Task goal » Please state the number of lines in the material below that contain "this", with no other words.

Provided material »
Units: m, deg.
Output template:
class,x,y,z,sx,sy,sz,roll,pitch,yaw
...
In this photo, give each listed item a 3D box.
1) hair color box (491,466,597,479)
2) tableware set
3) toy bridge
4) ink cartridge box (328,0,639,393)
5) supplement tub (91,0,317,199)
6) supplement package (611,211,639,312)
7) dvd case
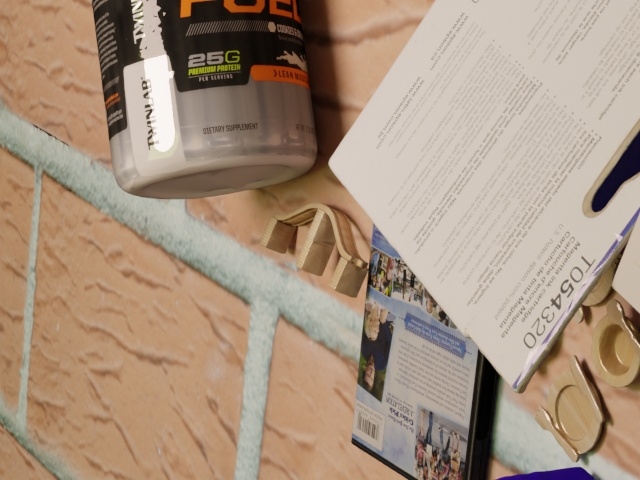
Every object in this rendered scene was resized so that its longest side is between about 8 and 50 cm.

Task solution » 2